**What the exercise asks:** Below is a listing from which only part is wanted; return exactly the lines from the one with "- rack shelf [907,310,1010,368]" up to and including the one with "- rack shelf [909,454,1008,505]".

**Excerpted records:**
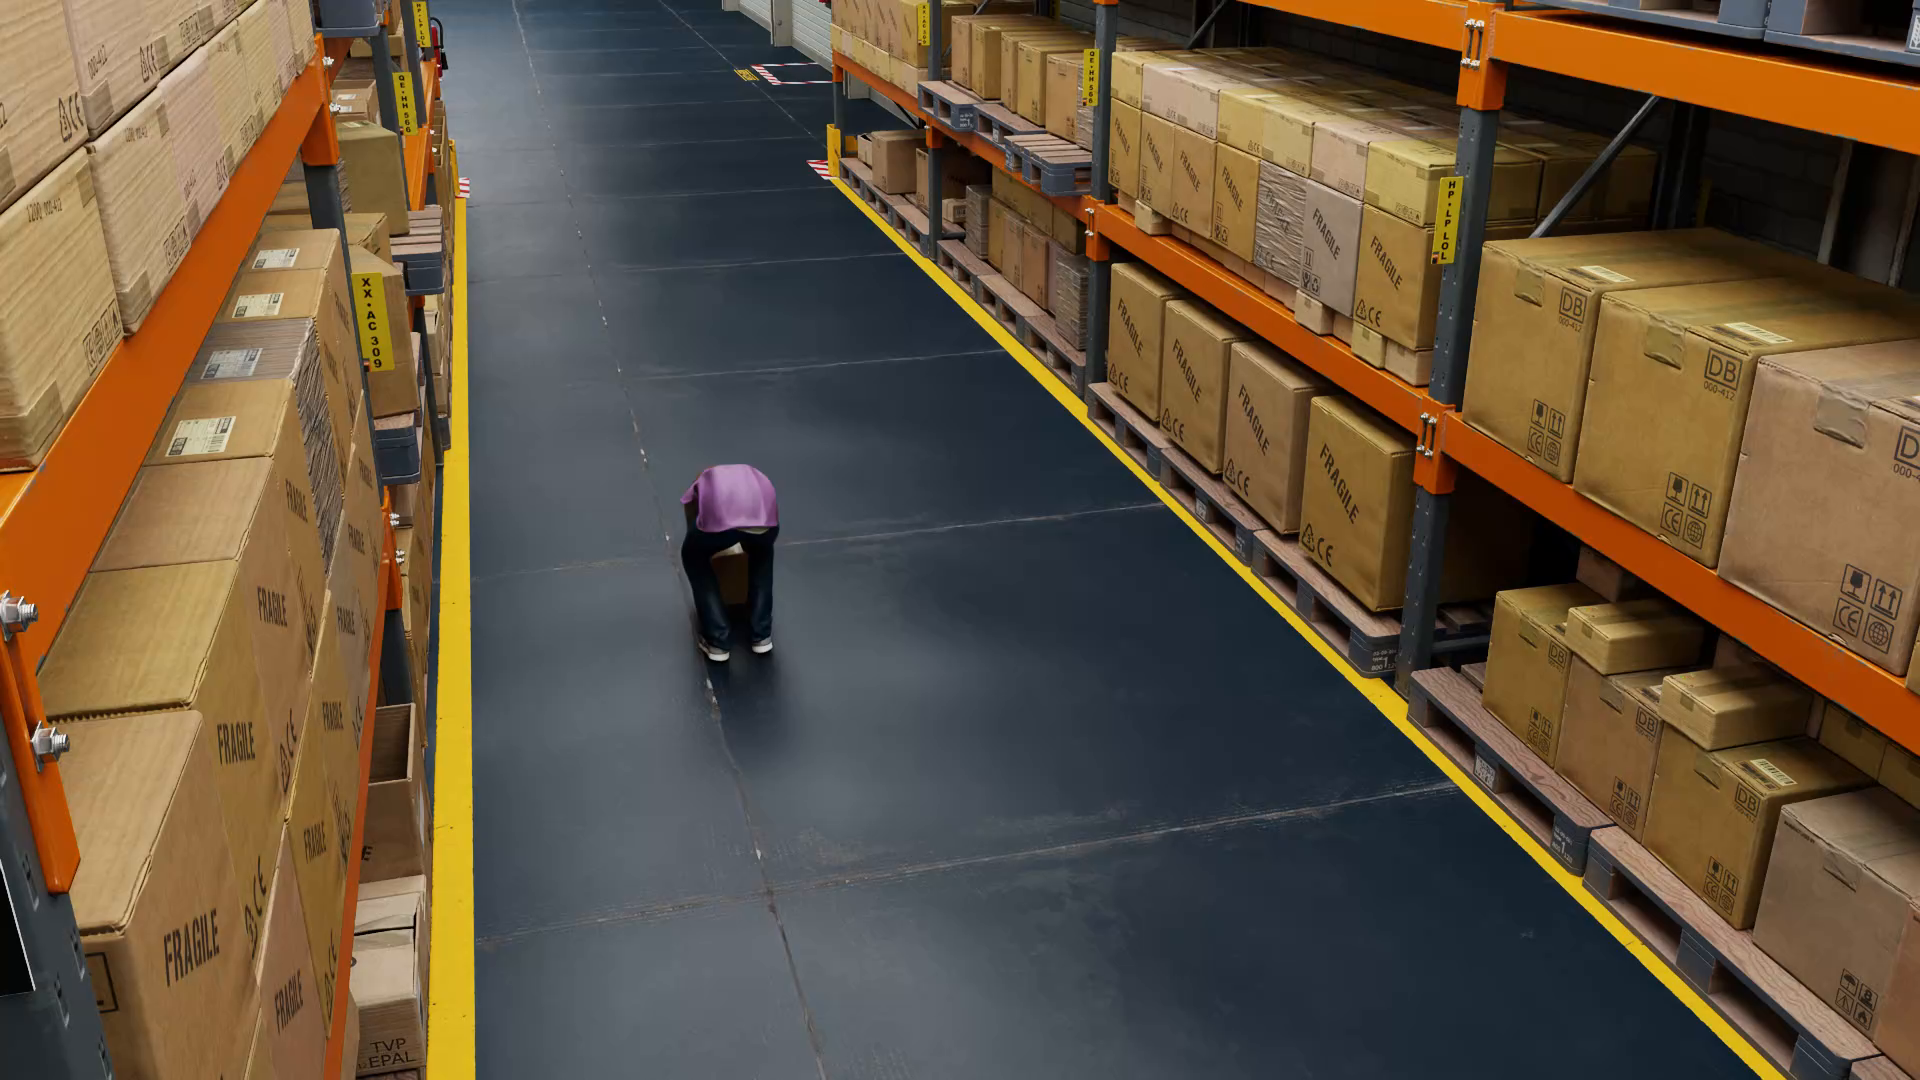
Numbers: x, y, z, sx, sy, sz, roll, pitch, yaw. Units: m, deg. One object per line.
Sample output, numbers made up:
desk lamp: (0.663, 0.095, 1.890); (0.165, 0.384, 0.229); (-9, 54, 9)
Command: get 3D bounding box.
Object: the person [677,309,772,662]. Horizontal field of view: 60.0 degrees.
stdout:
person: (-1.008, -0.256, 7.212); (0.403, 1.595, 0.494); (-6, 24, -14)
--
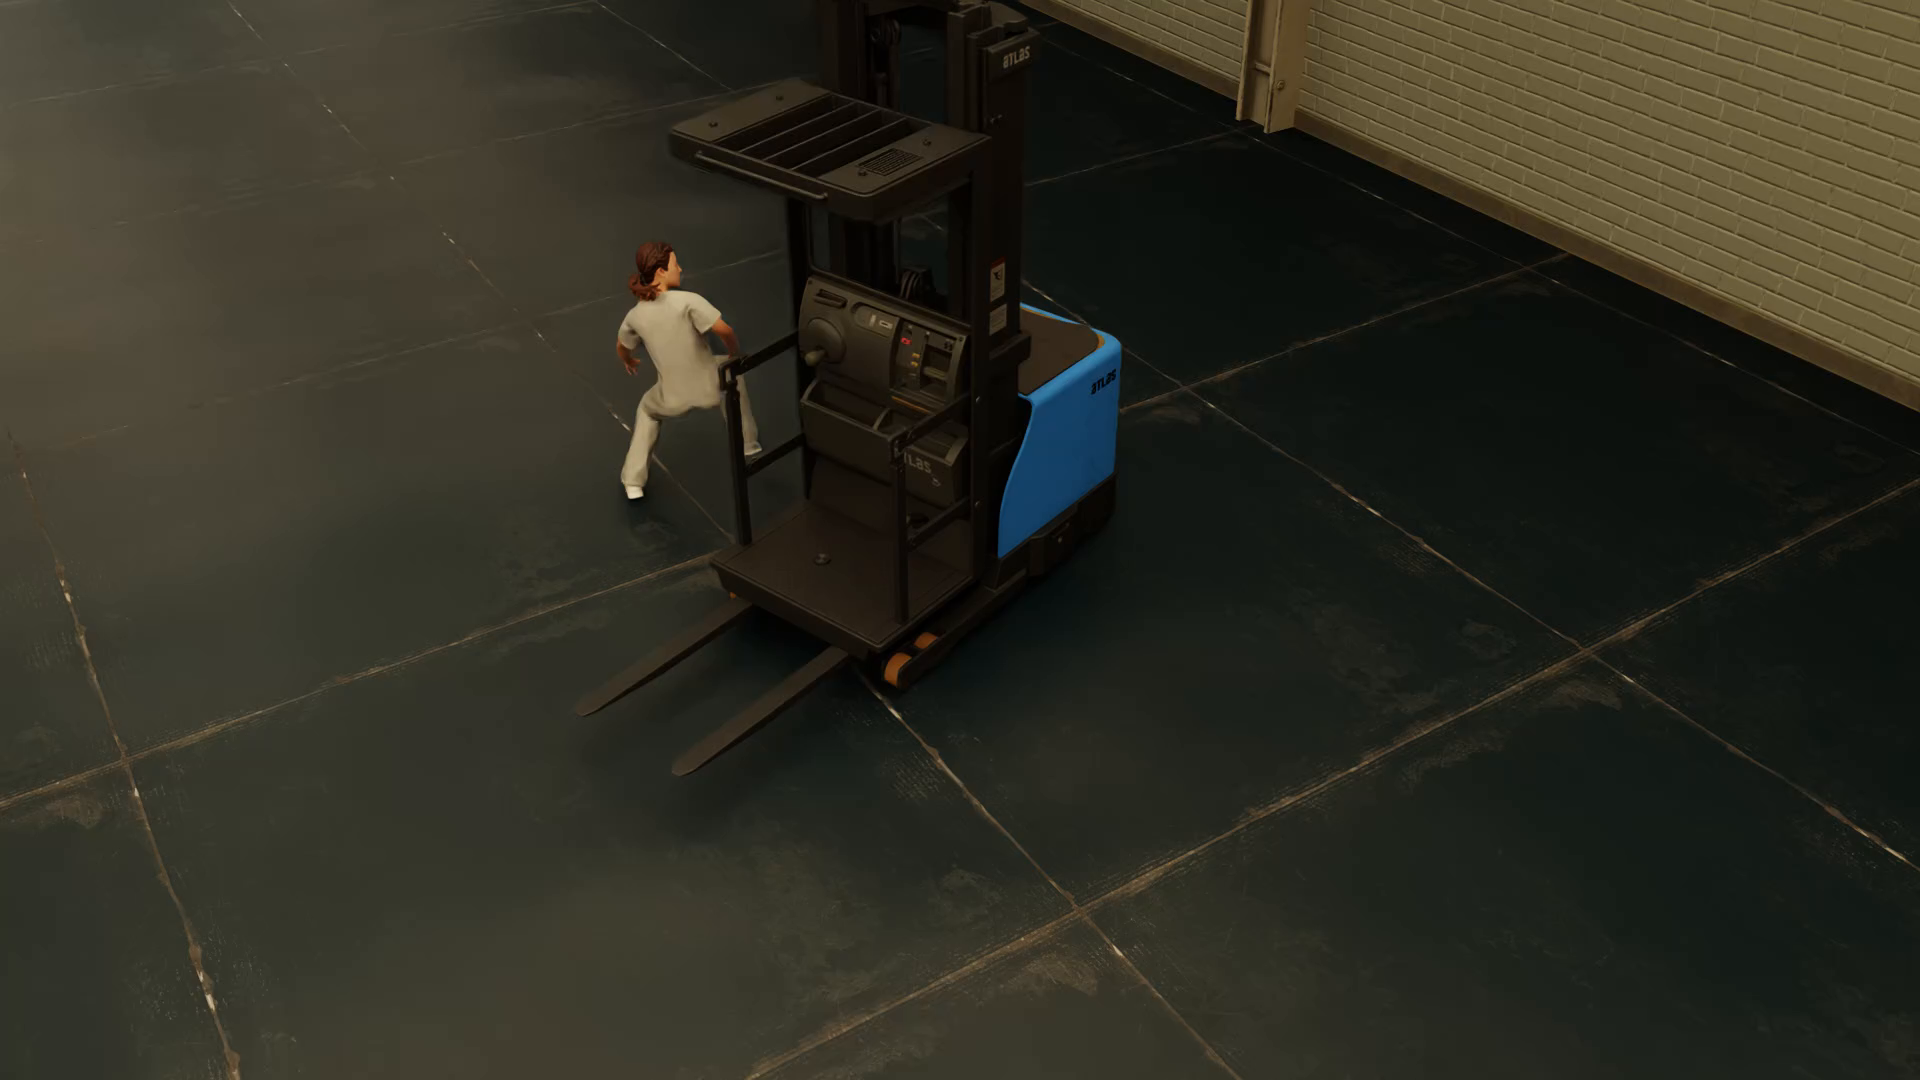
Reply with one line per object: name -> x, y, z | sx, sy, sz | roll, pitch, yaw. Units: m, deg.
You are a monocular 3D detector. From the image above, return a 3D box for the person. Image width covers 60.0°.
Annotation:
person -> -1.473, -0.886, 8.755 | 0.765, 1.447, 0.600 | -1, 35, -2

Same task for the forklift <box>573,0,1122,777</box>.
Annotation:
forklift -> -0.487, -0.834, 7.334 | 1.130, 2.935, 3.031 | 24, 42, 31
--
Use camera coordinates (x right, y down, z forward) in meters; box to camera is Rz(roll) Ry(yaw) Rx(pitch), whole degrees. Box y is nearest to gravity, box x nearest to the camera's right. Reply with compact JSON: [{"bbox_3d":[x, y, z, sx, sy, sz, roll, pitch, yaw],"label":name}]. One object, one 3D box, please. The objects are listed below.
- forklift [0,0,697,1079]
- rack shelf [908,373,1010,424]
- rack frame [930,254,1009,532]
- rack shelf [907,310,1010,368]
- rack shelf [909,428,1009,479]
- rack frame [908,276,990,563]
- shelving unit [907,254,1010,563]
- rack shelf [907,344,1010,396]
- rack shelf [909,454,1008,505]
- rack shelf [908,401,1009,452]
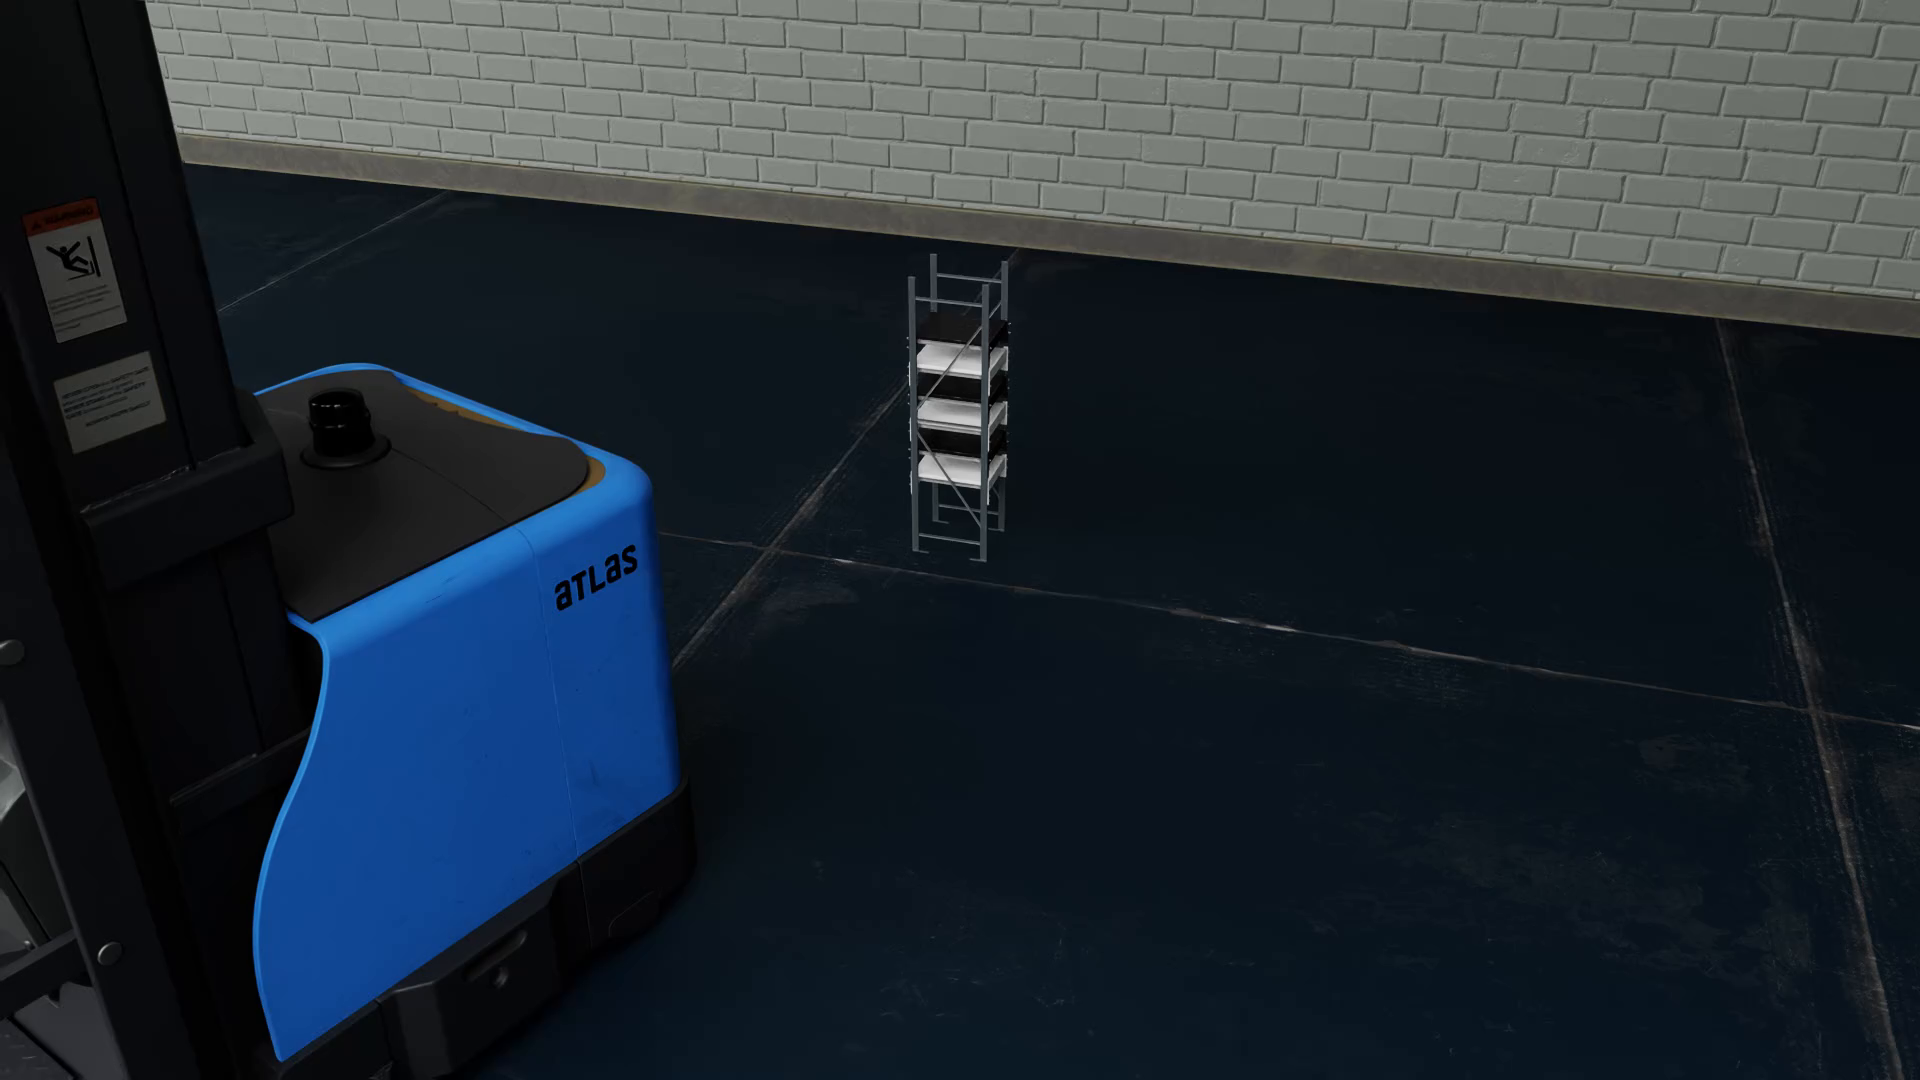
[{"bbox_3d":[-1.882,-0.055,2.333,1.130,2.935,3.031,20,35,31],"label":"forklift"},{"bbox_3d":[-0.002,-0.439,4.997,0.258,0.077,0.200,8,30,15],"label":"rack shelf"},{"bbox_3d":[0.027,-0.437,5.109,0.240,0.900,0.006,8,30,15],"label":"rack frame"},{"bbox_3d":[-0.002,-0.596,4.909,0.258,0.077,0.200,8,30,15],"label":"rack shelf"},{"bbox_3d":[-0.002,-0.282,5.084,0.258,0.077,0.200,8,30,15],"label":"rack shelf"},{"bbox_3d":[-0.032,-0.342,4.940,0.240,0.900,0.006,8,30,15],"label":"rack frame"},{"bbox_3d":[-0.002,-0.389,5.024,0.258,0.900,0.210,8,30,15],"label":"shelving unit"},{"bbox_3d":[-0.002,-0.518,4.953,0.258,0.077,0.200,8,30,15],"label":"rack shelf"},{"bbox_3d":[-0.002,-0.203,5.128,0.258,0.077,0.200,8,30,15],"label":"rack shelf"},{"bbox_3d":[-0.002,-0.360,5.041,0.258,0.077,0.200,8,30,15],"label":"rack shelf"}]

**Output for this task:**
- rack shelf [907,310,1010,368]
- rack shelf [909,428,1009,479]
- rack frame [908,276,990,563]
- shelving unit [907,254,1010,563]
- rack shelf [907,344,1010,396]
- rack shelf [909,454,1008,505]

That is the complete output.